Saturday 6 April 2013

Fifteen Volumes

Before Poul Anderson's History of Technic Civilization was gathered into seven omnibus volumes, it had been spread across perhaps eighteen regular-sized volumes, whether novels or collections. Other authors, of course, have written linear series of comparable or even greater length. The central part of James Blish's more compact body of work comprises fifteen volumes including prequels, sequels and cross-references although without in this case combining into any single linear sequence:

The Star Dwellers and Mission To The Heart Stars are companion volumes;
The Quincunx Of Time and Midsummer Century are, very slim, companion volumes;
each of these diptychs is loosely linked to one other, shorter, work;
the two shorter works, "A Dusk Of Idols" and "A Style In Treason," were collected in Anywhen;
each of the diptychs also refers back to an earlier work featuring Adolph Haertel;
Mission To The Heart Stars summarizes the plot of "Common Time," collected in Galactic Cluster where it does form a linear sequence with two other stories;
The Quincunx Of Time refers, less directly, to Welcome To Mars;
one other novel, A Case Of Conscience, refers to Haertel and is Volume III of the After Such Knowledge Trilogy;
two parallel linear "tetralogies" are the pantropy series, collected in one volume, and the Okies series, collected in four regular volumes or one omnibus volume.

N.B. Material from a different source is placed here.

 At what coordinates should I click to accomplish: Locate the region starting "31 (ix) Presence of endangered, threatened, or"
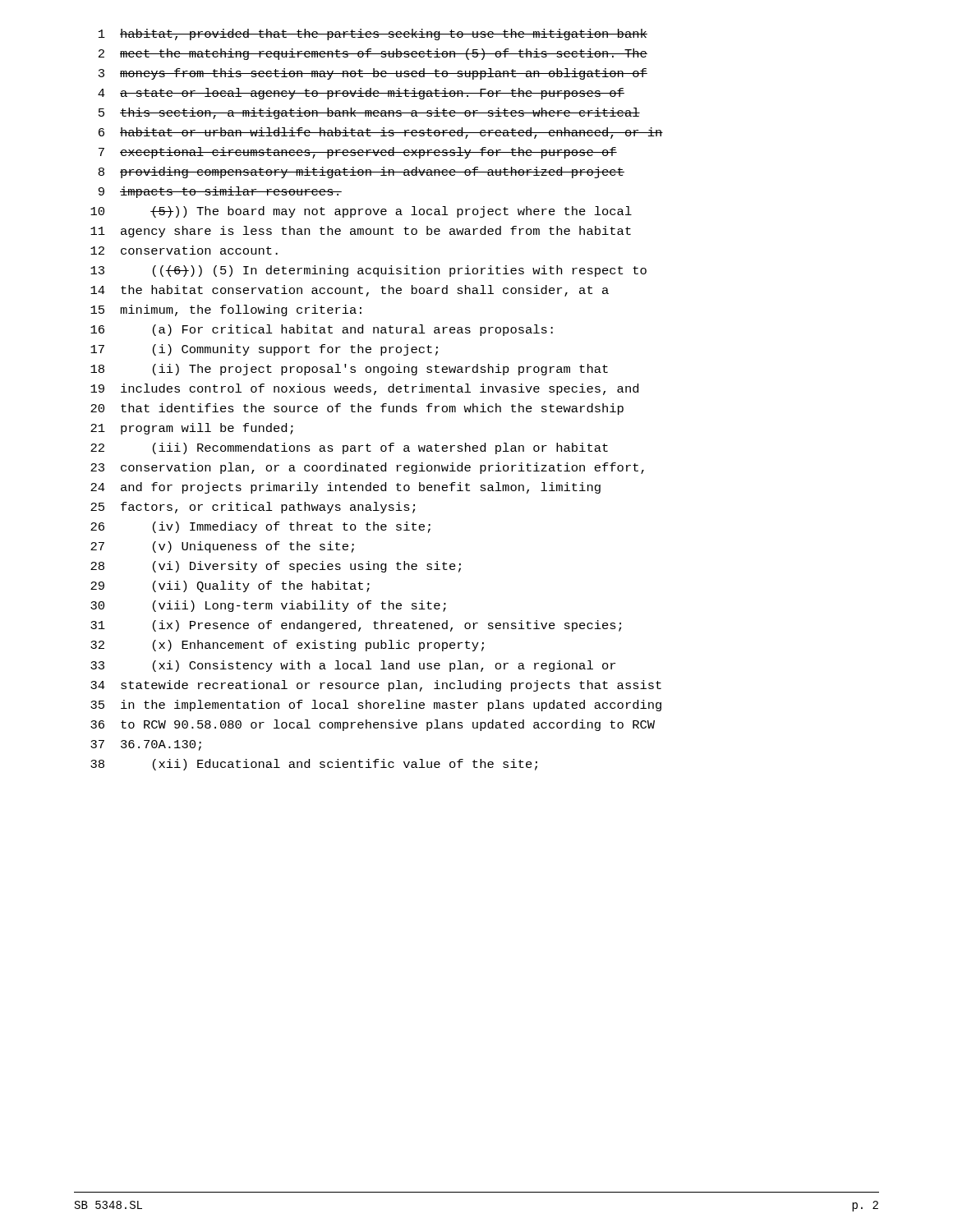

These fifteen regular-sized volumes contain six series with mutual cross-references and sometimes even overlapping contents. Since Volumes I and II of After Such Knowledge are, respectively, a historical novel and a contemporary fantasy, they seem to be far removed from the remaining thirteen volumes. However, the central character of Volume I is Roger Bacon, the founder of scientific method, thus an early predecessor of Blish's fictional scientists, including Haertel.